● REQUIREMENT:
Your reply should be made up of every line in the records below that holds the string "object".

Excerpts from a dataset:
#####

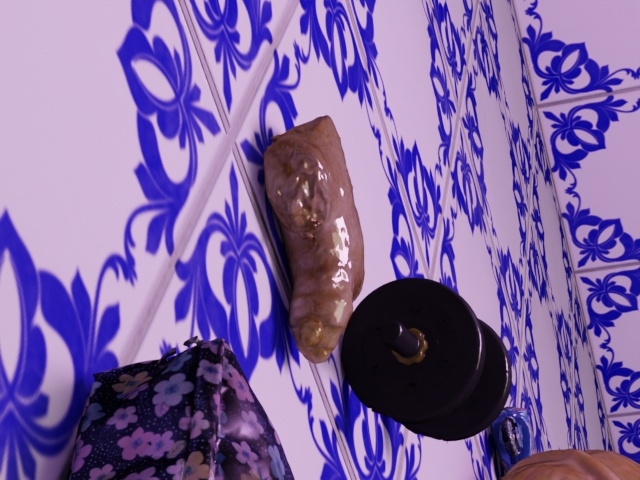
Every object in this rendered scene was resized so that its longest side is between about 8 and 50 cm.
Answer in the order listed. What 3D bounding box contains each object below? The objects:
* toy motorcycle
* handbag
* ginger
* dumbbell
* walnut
[{"bbox_3d":[0.301,0.323,1.996,0.114,0.076,0.205,-92,164,-45],"label":"toy motorcycle"},{"bbox_3d":[-0.067,0.194,0.741,0.229,0.126,0.208,-92,163,-51],"label":"handbag"},{"bbox_3d":[0.002,-0.001,1.164,0.137,0.074,0.213,-5,82,-64],"label":"ginger"},{"bbox_3d":[0.112,0.126,1.338,0.325,0.143,0.143,39,44,-66],"label":"dumbbell"},{"bbox_3d":[0.341,0.414,1.750,0.296,0.285,0.285,-3,82,-36],"label":"walnut"}]

#####

● THE COMPLETED TASK:
Every object in this rendered scene was resized so that its longest side is between about 8 and 50 cm.
Answer in the order listed. What 3D bounding box contains each object below? The objects:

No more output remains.